Cullen: It’s funny though, I’m not sure who actually created the distinction for their own benefit, to begin with. I kind of think that it was Vanguard and the Vanguards of the world who created the passive distinction to start being able to categorize themselves as something different from everyone else. And it’s crazy because when you actually look at what Vanguard does, they’re known as this huge passive indexing company. Vanguard, they’re a hugely active firm. They actually market the hell out of their active funds.
Meb: They have more active funds than passive. Not in AUM, they’ve got more AUM in the passive. But, you know, if you look at some of the things they’ve launched, they have a market-neutral mutual fund, they have a new private equity mutual fund, on and on. You were mentioning the Bogle heads earlier, if you were to look at the Venn diagram of Vanguard, and Bogle and kind of the overlap, it’s interesting.
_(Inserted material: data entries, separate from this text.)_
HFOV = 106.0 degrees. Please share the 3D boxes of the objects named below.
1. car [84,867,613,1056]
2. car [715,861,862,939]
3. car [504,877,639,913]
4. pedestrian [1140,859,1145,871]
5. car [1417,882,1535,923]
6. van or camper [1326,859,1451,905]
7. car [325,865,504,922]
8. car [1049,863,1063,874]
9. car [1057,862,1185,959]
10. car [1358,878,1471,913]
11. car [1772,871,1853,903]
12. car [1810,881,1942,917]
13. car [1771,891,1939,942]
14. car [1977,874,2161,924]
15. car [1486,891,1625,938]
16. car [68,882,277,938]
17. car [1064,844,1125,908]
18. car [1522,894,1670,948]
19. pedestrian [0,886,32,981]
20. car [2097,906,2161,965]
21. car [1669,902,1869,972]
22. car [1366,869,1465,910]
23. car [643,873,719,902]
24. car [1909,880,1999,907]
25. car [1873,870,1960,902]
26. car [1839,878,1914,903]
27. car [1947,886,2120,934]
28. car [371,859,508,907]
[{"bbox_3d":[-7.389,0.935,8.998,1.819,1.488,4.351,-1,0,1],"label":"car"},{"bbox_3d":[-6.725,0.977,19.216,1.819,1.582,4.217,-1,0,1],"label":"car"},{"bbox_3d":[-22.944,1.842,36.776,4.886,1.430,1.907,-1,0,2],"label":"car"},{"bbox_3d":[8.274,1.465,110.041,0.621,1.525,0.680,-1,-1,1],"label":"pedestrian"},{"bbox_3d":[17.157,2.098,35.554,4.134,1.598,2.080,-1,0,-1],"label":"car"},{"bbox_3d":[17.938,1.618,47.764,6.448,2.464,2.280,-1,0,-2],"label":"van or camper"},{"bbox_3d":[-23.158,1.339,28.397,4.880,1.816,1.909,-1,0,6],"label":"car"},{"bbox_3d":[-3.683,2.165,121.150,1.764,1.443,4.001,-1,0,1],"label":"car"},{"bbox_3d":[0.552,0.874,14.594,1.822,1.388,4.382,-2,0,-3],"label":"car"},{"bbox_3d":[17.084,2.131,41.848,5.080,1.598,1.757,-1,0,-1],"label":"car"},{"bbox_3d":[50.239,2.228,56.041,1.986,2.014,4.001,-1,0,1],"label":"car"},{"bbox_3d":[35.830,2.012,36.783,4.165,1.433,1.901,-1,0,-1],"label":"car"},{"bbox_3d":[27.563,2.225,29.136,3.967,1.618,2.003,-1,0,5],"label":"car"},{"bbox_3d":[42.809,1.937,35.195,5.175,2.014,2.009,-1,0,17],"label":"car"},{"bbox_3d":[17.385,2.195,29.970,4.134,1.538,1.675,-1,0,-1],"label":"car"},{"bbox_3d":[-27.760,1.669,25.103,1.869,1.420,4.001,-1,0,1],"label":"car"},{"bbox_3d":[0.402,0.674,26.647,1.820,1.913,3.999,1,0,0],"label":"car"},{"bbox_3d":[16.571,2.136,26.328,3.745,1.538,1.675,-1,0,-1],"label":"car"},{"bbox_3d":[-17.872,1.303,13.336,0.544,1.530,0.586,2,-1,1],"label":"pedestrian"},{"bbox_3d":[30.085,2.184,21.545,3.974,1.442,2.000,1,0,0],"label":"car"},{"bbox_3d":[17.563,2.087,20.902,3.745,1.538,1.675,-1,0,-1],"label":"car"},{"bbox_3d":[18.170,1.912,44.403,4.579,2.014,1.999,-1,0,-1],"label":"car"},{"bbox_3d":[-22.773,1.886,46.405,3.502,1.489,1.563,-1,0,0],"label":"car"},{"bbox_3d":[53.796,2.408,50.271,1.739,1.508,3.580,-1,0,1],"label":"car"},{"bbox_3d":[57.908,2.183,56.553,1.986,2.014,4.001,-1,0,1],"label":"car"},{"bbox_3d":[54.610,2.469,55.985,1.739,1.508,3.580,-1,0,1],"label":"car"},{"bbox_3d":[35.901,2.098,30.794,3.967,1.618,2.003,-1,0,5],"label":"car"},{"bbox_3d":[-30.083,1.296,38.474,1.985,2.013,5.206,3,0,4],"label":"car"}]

Cullen: It’s funny you bring up Bogle and the Bogle-heads because I started running a version of this strategy, I don’t know, probably in like 2012 where I was just very systematically rebalancing index funds in a countercyclical way basically. And I think it was around like 2018, 2019, Bogle actually did an interview in his office where he’s talking about the way that he rebalances his portfolio. And he talks about how he maintains a 65/35 asset allocation. And when that asset allocation grows out of whack sometimes with what he perceives is like a behavioral imbalance, he rebalances it really dynamically. And so he mentioned that the year like 1999, he said he rebalanced back to like 35% stocks. So, it’s weird to me sometimes, the saying is what? “You never want to meet your heroes.” Bogle himself talks about being super active in terms of the way that he rebounds. And actually rebalances in a way that is very consistent with what I’m doing. But I would argue is, you know, I always tell people, “Look, everyone’s got to be active. Everybody rebalances, everybody takes withdrawals, everybody contributes money to their portfolio. You got to choose how you lump sum, whether you’re going to dollar cost average.” There’s a lot of activity that goes into all of it. But the real kicker is that there’s stupid ways to be active, which is things like day trading and doing super short-term stuff that just is churning up taxes, and fees and stuff like that. And there’s smart, thoughtful ways to be active. You know, implementing long-term, either factor-based or multi-asset, broadly diversified strategies that we know, in the long run, have a very high probability of working, if you let them do the work. Everyone’s got to be active, and I’ll bag on 2% HiFi mutual funds all day long, even if they’re relatively passive, just because, in comparison, there’s lower fee versions that do the exact same thing. But once you start getting into this world where everything is super low fee, that whole active-passive distinction, it becomes much, much blurrier.
Meb: Yeah. Well, not to mention nowadays, you can have, a “passive fund,” and charge 2% and invest in stocks that start with the letter R, like that’s a passive fund under the “passive rules.” And now that’s totally nonsensical, and is it a good strategy? No, on a high fee. And you could have an active fund like yours, that’s super low cost.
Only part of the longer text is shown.